**Prompt**.
In the entries that follow, the lines from the line containing "Format, with dummy" up to and including the line containing "HFOV 99.7°. Spot" must be copied exactly, with pictures omitted.

**Supplied material**.
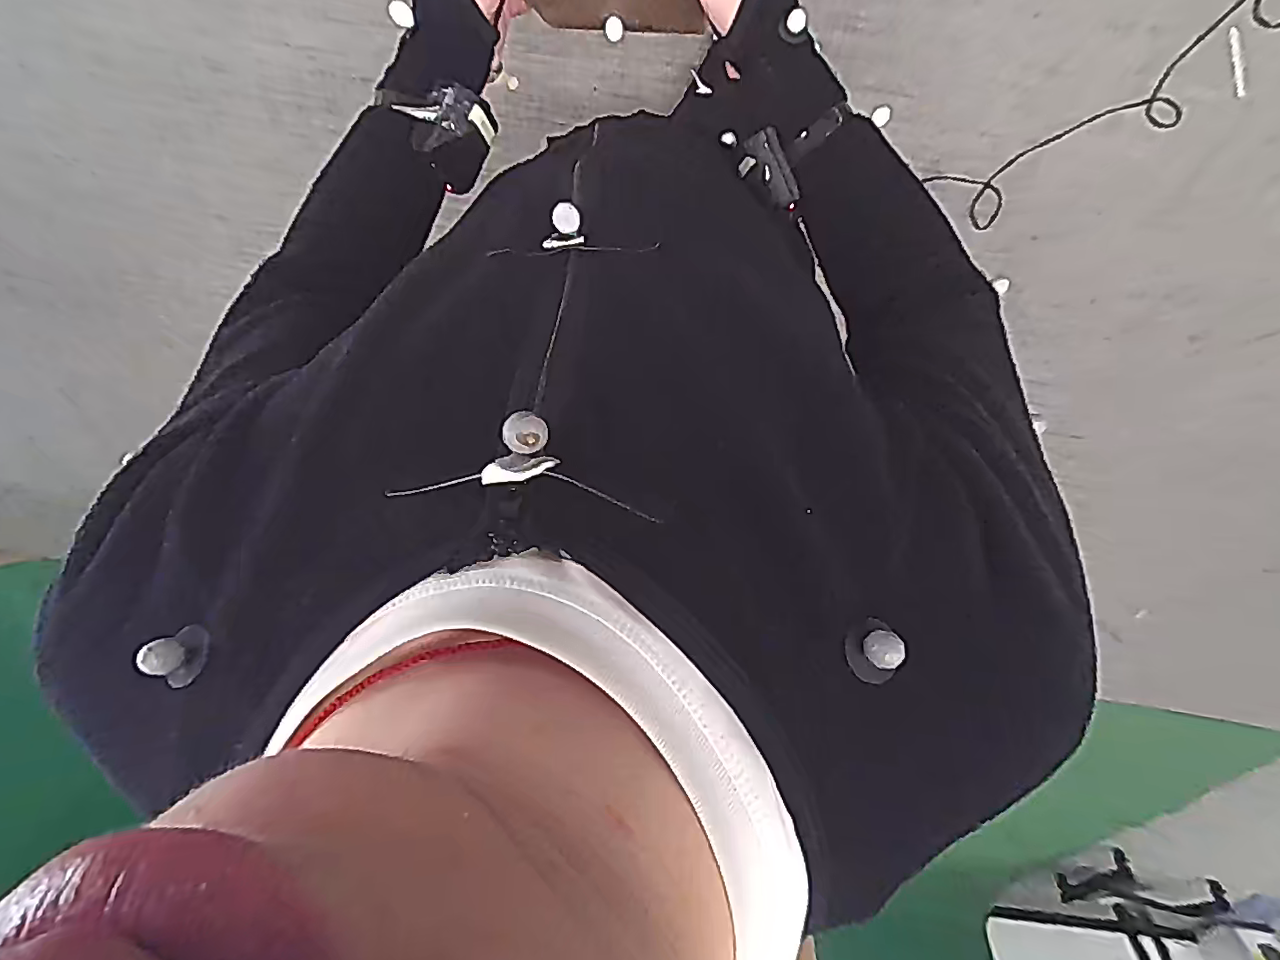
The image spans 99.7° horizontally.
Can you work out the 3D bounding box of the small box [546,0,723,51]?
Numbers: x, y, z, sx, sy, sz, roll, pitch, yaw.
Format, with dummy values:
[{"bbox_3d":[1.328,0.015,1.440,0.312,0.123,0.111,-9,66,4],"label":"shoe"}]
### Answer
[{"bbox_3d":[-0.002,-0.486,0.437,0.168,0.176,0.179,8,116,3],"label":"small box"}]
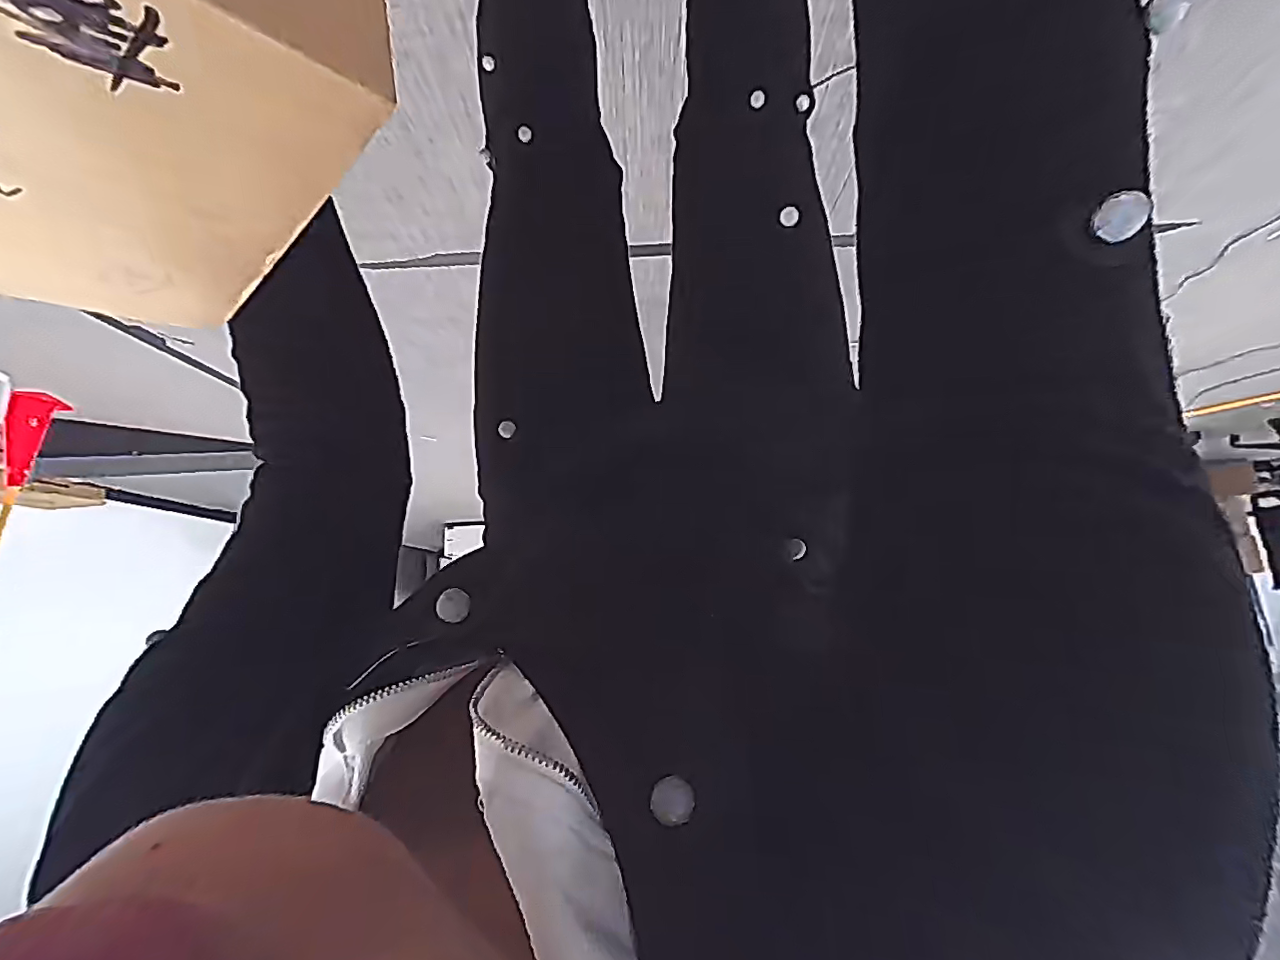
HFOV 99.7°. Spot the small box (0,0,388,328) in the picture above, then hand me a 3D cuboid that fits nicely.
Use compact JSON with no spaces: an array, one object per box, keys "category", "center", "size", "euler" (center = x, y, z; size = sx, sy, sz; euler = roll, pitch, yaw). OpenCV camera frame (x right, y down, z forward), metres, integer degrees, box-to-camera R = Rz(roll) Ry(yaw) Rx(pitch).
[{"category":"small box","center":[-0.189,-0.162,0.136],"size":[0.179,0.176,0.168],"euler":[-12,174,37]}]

==

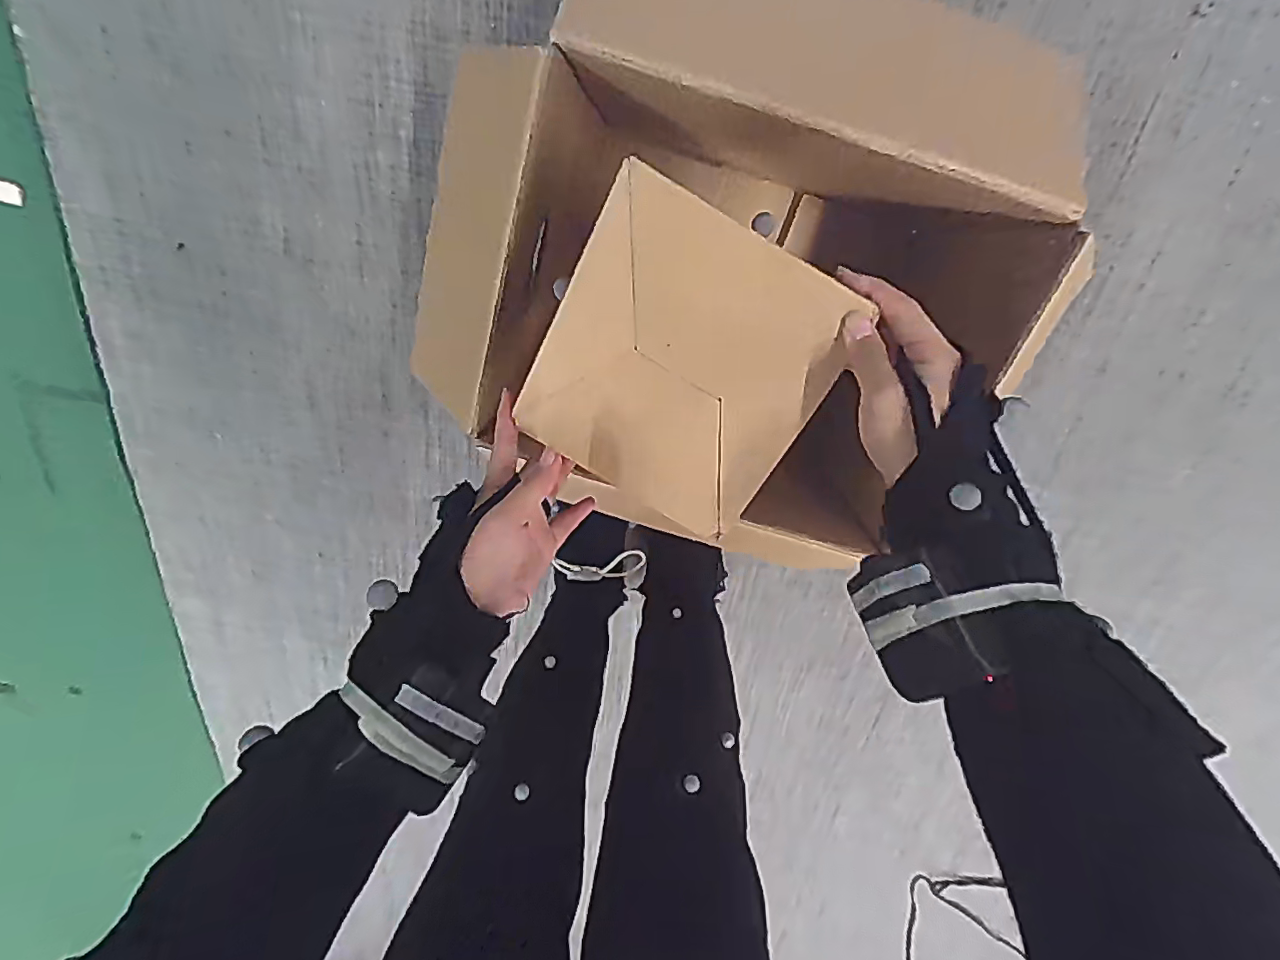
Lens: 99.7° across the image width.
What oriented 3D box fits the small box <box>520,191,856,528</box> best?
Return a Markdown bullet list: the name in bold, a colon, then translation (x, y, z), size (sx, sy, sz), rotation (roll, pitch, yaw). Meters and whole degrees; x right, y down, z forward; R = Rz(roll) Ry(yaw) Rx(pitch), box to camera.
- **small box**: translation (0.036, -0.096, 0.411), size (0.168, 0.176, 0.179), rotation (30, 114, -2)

**Response to this task**.
Format, with dummy values:
[{"bbox_3d":[1.328,0.015,1.440,0.312,0.123,0.111,-9,66,4],"label":"shoe"}]
### Answer
[{"bbox_3d":[-0.002,-0.486,0.437,0.168,0.176,0.179,8,116,3],"label":"small box"}]
HFOV 99.7°. Spot the small box (0,0,388,328) in the picture above, then hand me a 3D cuboid that fits nicely.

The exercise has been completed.